Let $\mathbb{H}$ denote the skew-field of the quaternions.
I am seeking for a proof that norm perserving $\mathbb{H}$-linear maps are precisely the symplectic linear maps, i.e. those preserving the symplectic form $$\langle h,h'\rangle = \sum_{i=1}^n h_i \bar{h}'_i,$$ meaning $A:\mathbb{H}^n\rightarrow \mathbb{H}^n$ satisfies $\langle Ah, Ah'\rangle = \langle h,h'\rangle$ for all $h,h'\in\mathbb{H}^n$ In the real and complex case this is achieved by the polarization identity.
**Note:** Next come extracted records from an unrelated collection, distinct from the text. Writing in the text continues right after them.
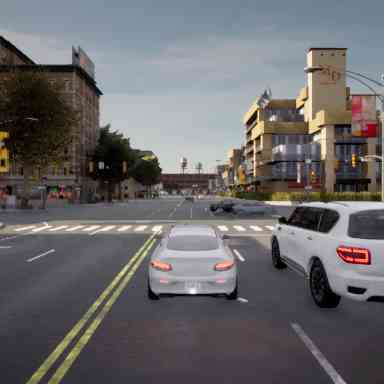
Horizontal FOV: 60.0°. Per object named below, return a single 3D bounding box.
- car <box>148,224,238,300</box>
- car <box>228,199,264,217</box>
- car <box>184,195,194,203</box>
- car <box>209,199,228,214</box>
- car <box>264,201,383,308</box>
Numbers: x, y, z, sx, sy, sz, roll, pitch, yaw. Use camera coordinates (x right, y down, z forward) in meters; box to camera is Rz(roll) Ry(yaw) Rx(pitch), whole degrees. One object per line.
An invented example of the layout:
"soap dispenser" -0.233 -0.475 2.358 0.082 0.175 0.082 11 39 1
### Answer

This would be solved by relating this symplectic form to the quaternionic norm. However, I cannot find any reference and I am lost trying to cancel terms: non-commutativity really hardens the calculation.
Note: by quaternionic norm I mean $\|h\| = \sqrt{\langle h, h\rangle}$, which agrees with the Euclidean norm under the identification $\mathbb{H}^n \simeq \mathbb{R}^{4n}$.
My preference is to apply matrices on the left of vectors, and hence apply scalars on the right, and hence my sesquilinear form $\langle u,v\rangle=\overline{u_1}v_1+\cdots+\overline{u_n}v_n$ is conjugate-linear in the first argument so that scalars slide according to the relation $\langle u\alpha,v\beta\rangle=\overline{\alpha}\langle u,v\rangle\beta$.
Expanding both sides of the identity $\|Au+Av\|^2=\|u+v\|^2$ yields
$$ \|Au\|^2+2\mathrm{Re}\langle Au,Av\rangle+\|Av\|^2=\|u\|^2+2\mathrm{Re}\langle u,v\rangle+\|v\|^2, $$
which implies $\mathrm{Re}\langle Au,Av\rangle=\mathrm{Re}\langle u,v\rangle$. IOW, $A$ preserves the real inner product $\mathrm{Re}\langle u,v\rangle$.
Define the difference $\Delta=\langle Au,Av\rangle-\langle u,v\rangle$. We have $\mathrm{Re}(\Delta)=0$. If we substitute $u\mapsto u\alpha$, $v\mapsto v\beta$ this becomes $\mathrm{Re}(\overline{\alpha}\Delta\beta)=0$. By picking $\alpha$ and $\beta$ appropriately, we can arrange for $\overline{\alpha}\Delta\beta=|\Delta|$, so we conclude $|\Delta|=0$, hence $\Delta=0$, or in other words $\langle Au,Av\rangle=\langle u,v\rangle$.
This trick is called "arbitrage."